If that simplifies the patchset, I think it's a good idea. Thanks!
--
To unsubscribe from this list: send the line "unsubscribe netfilter-devel" in
the body of a message to majordomo@vger.kernel.org
More majordomo info at  http://vger.kernel.org/majordomo-info.html
Patrick McHardy Aug. 8, 2015, 3:53 p.m. UTC | #10
On 06.08, Pablo Neira Ayuso wrote:
> > That might work if the message ordering is then guaranteed. However I think
> > we can fix this case without changing NEWGEN. Let me think about that a bit,
> > for now just taking care of the genid checks correctly seems like a good
> > step forward.
> 
> But we can catch this problem through ->res_id, OK?

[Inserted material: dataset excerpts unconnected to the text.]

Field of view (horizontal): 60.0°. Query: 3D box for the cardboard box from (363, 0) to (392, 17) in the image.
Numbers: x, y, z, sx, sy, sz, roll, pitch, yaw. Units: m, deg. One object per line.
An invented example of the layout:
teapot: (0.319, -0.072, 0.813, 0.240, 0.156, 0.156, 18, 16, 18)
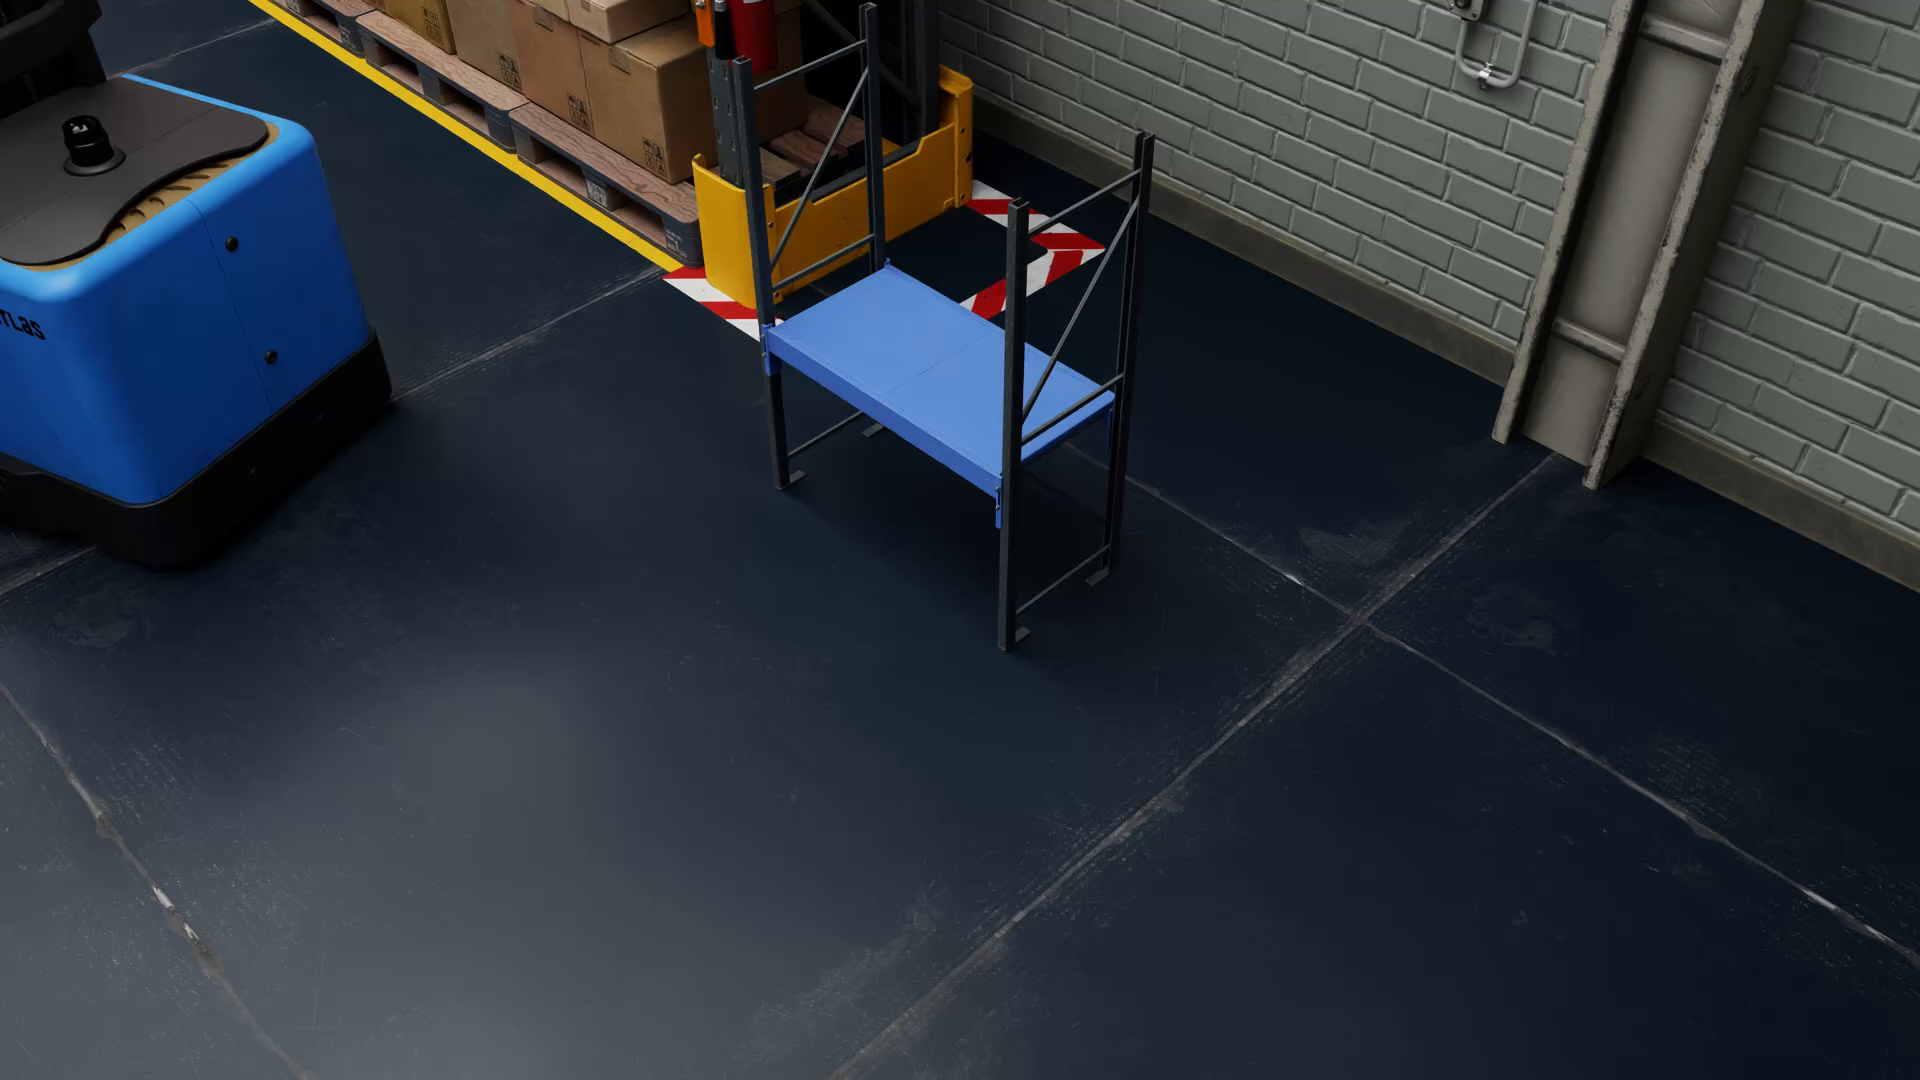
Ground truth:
cardboard box: (-2.492, -2.818, 7.622, 0.500, 0.500, 0.700, 34, 52, 31)

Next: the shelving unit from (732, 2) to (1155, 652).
shelving unit: (-0.060, -0.592, 4.785, 0.538, 1.500, 1.048, -34, 53, -31)

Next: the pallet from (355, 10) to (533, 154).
pallet: (-1.953, -2.220, 7.497, 1.003, 0.211, 1.213, -34, 53, -31)

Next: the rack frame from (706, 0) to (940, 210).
rack frame: (-0.475, -2.312, 5.541, 1.000, 3.000, 0.127, -34, 53, -31)

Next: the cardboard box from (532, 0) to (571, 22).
cardboard box: (-1.441, -2.171, 6.444, 0.380, 0.149, 0.250, -33, 52, -30)

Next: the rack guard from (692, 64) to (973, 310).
rack guard: (-0.458, -1.382, 6.377, 1.175, 0.500, 0.348, -34, 53, -31)

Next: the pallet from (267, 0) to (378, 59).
pallet: (-2.818, -2.807, 8.132, 1.003, 0.211, 1.213, -34, 53, -31)

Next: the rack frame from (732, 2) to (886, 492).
rack frame: (-0.419, -0.836, 5.050, 0.500, 1.500, 0.032, -34, 53, -31)

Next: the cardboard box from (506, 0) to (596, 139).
cardboard box: (-1.394, -2.077, 6.819, 0.500, 0.500, 0.700, 34, 53, 31)

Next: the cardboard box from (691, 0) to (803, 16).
cardboard box: (-0.810, -2.110, 6.378, 0.380, 0.149, 0.250, -34, 52, -31)

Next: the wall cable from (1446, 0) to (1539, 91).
wall cable: (1.099, -2.523, 5.021, 0.084, 1.984, 1.851, -34, 53, -31)

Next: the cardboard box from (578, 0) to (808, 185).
cardboard box: (-1.040, -1.836, 6.559, 0.700, 0.500, 0.500, -34, 53, -31)

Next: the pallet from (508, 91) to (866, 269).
pallet: (-1.095, -1.634, 6.863, 1.003, 0.211, 1.213, -34, 53, -31)

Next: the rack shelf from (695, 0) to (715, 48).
rack shelf: (-1.888, -3.008, 6.825, 1.077, 0.370, 4.000, -34, 53, -31)

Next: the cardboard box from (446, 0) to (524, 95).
cardboard box: (-1.749, -2.318, 7.081, 0.500, 0.500, 0.700, 32, 52, 30)

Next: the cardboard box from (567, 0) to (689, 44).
cardboard box: (-1.260, -2.049, 6.311, 0.250, 0.149, 0.380, 34, 52, 31)

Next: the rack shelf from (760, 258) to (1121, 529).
rack shelf: (-0.060, -0.460, 4.907, 0.538, 0.185, 1.000, -34, 53, -31)

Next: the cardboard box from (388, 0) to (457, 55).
cardboard box: (-2.131, -2.571, 7.354, 0.700, 0.500, 0.500, -33, 52, -30)

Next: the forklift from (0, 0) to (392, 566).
forklift: (-3.496, -1.698, 4.928, 3.031, 2.935, 1.130, 19, 46, 19)

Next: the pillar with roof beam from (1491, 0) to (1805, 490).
pillar with roof beam: (-1.004, -1.569, 0.317, 9.100, 9.000, 0.400, -34, 53, -31)

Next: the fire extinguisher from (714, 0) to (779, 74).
fire extinguisher: (-0.695, -1.853, 5.376, 0.296, 0.674, 0.183, -34, 53, -31)

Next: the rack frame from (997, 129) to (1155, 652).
rack frame: (0.299, -0.348, 4.521, 0.500, 1.500, 0.032, -34, 53, -31)

Have to look at it in detail. Currently sitting at the airport, will
take me a bit.

> > BTW, we also need to adjust loop detection to only take into account
> > active rules, active chains, active sets etc.
> 
> Indeed, thanks Patrick.
> 
> Will you take care of this? It would be great to have a fix for these
> in this merge window. On top of that, I have a patchset here to add

Sure. I already have this in my patches, however I'll wait for your new
patchset so I can test on top of it.

> named expressions as you suggested as a generic way to implement named
> counters (or any other stateful expression) and I need that this is
> fixed first so I don't need to add another ugly _INACTIVE flag to the
> nft_nexpr object.
> 
> Let me know, thanks!

I agree, the _INACTIVE flags need to go.
--
To unsubscribe from this list: send the line "unsubscribe netfilter-devel" in
the body of a message to majordomo@vger.kernel.org
More majordomo info at  http://vger.kernel.org/majordomo-info.html
Patrick McHardy Aug. 10, 2015, 7:56 a.m. UTC | #11
On 06.08, Pablo Neira Ayuso wrote:
> On Wed, Aug 05, 2015 at 11:09:16AM +0200, Patrick McHardy wrote:
> > > > > We shouldn't check if the object is active from the lookup function if
> > > > > we're in the middle of a transaction, since we hold the lock there is
> > > > > no way we can see inactive objects in the list. There's only one
> > > > > transaction at the same time.
> > > > 
> > > > That's not entirely correct. Dump continuations happen asynchronously to
> > > > netlink modifications and commit operations, so the genid may bump in the
> > > > middle. We can get an inconsistent view if we have:
> > > > 
> > > > 			dump set elements from set x table y
> > > > delete table y
> > > > create table y
> > > > create set x
> > > > begin commit
> > > > 			continue dump from new set
> > > 
> > > We catch this from the nfnlhdr->res_id field in the nfnetlink message,
> > > but see below.
> > > 
> > > > commit, send NEWGEN
> > > > 
> > > > Sure, we will get a NEWGEN message, but at that time we might already have
> > > > sent a full message for the new table/set since that message is only send
> > > > after the commit is completed.
> > > 
> > > I agree in that an event message at the beginning of the commit phase
> > > to announce the beginning new generation and another one to indicate
> > > of this transaction.
> > > 
> > > - preparation phase -
> > > delete table y
> > > create table y
> > > create set x
> > > - commit phase -
> > > send NEWGEN, attribute type: begin
> > > delete table y
> > > create table y
> > > create set x
> > > send NEWGEN, attribute type: end
> > > 
> > > Thanks for your feedback!
> > 
> > That might work if the message ordering is then guaranteed. However I think
> > we can fix this case without changing NEWGEN. Let me think about that a bit,
> > for now just taking care of the genid checks correctly seems like a good
> > step forward.
> 
> But we can catch this problem through ->res_id, OK?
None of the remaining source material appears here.